What makes Born to Die so richly fascinating – and what marks Del Rey out from the standard issue “I’m hot, you’re hot” pop starlet – is her preoccupation with Hollywood archetypes of American femininity, and her ability to shape-shift between them. So, on the stately, bloodstained title-track, Del Rey plays femme fatale, deliciously stoned and doomed, with an imperious vocal to match. On the addictive, sugar-rushing Off to the Races she’s trailer trash living the high life, her vocal veering deftly between husky cynicism and hiccupping glee; while on the tender This Is What Makes Us Girls she’s the poor little rich girl looking melancholically back on youthful hedonism.

It all reaches its apotheosis on National Anthem where Del Rey, dissatisfied with merely being an all-American girl, becomes America itself, offering up deadpan slogans like “money is the reason we exist” before demanding utter patriotic devotion on the swaggering chorus. If that sounds knowing that’s because it is, not to mention intelligent, ambitious, and more interesting than anything Adele is likely to write even by the time her inevitable 72 collection hits the shelves of the future. It’s also brilliantly realised, thanks to Del Rey’s extraordinary delivery, her ability to slip from deep toned haughtiness to breathless ecstasy to velvety vamping – often in the same gorgeous melody.
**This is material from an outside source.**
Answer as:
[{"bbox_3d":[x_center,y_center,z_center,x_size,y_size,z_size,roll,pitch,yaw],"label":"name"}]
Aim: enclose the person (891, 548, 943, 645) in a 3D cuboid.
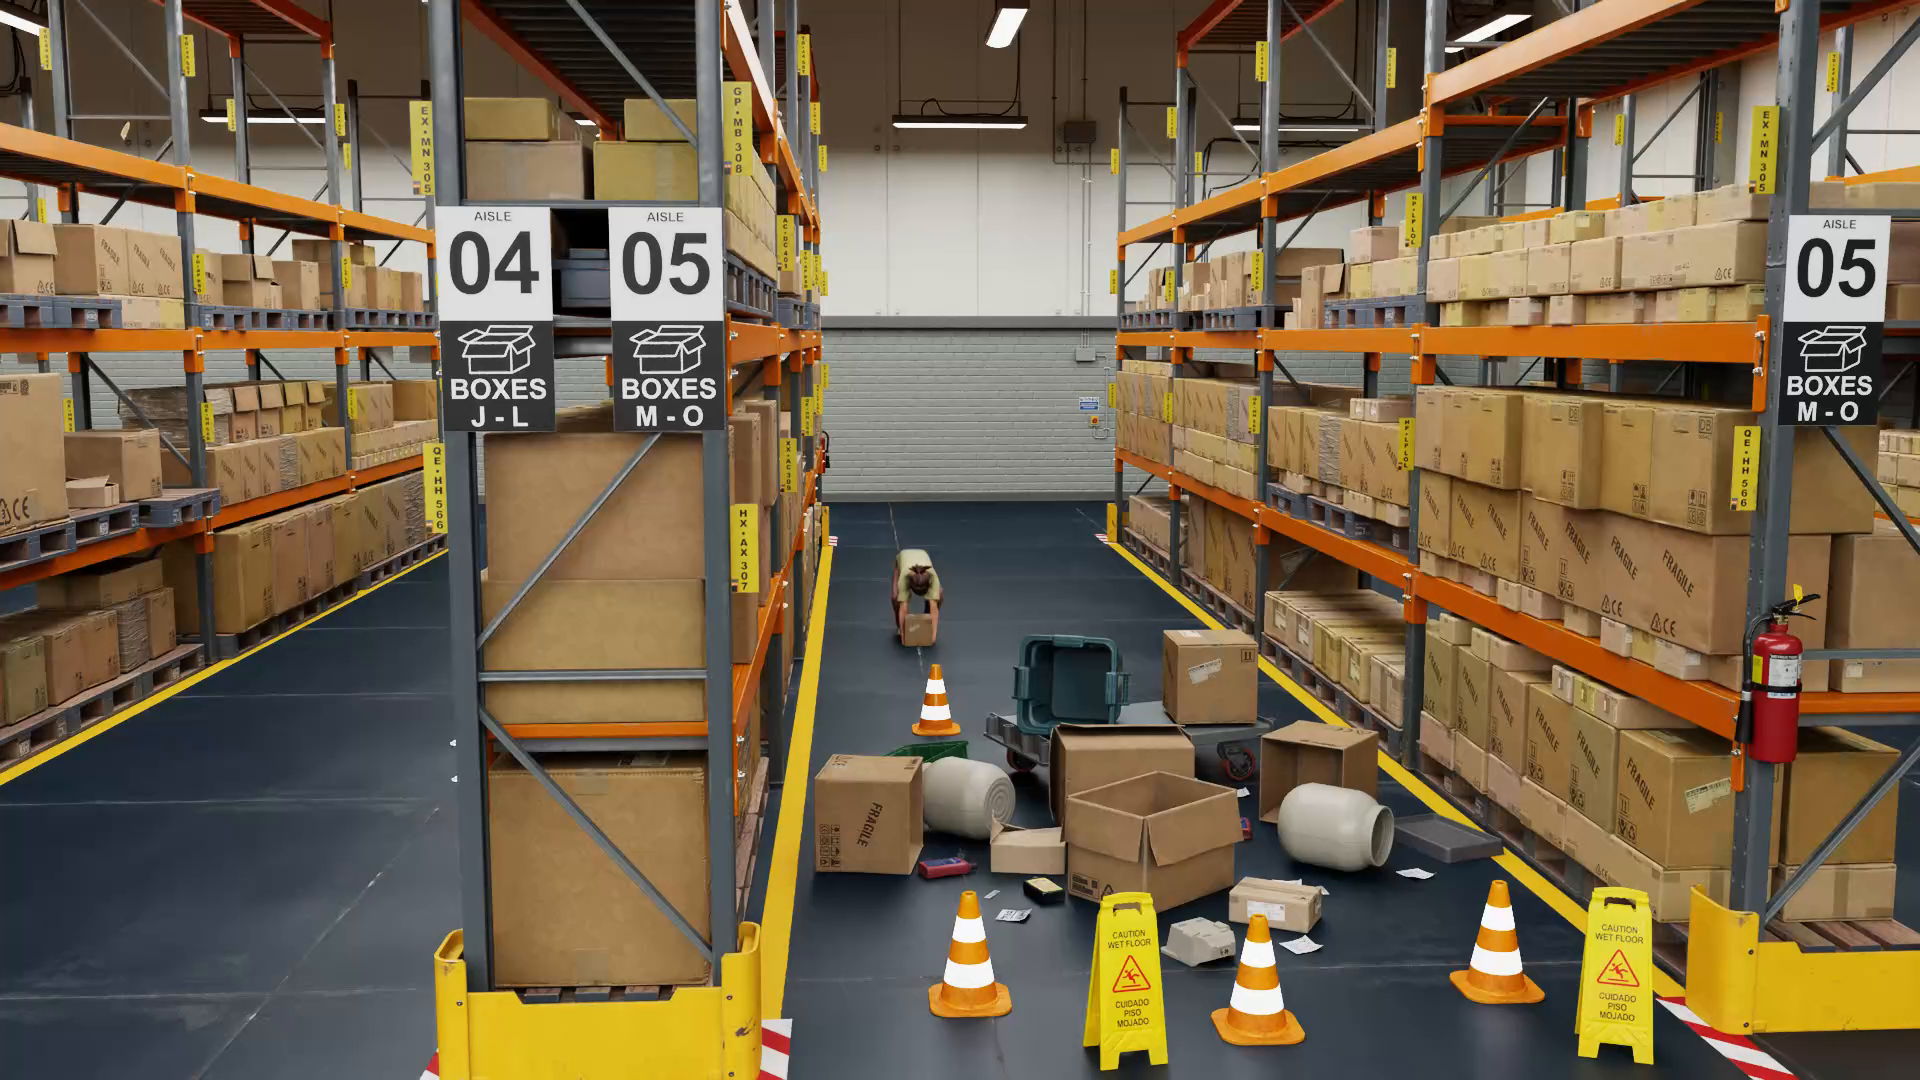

Born to Die isn’t perfect: it slumps slightly towards the end, and the glossy trip-hop production grows wearying on lesser gothic melodramas like Dark Paradise. But it’s the most distinctive and assured debut since Glasvegas’ eponymous disc in 2008, and makes you desperate to see where she goes from here. Del Rey’s defenders can take a break: Born to Die does their job better than they could hope to.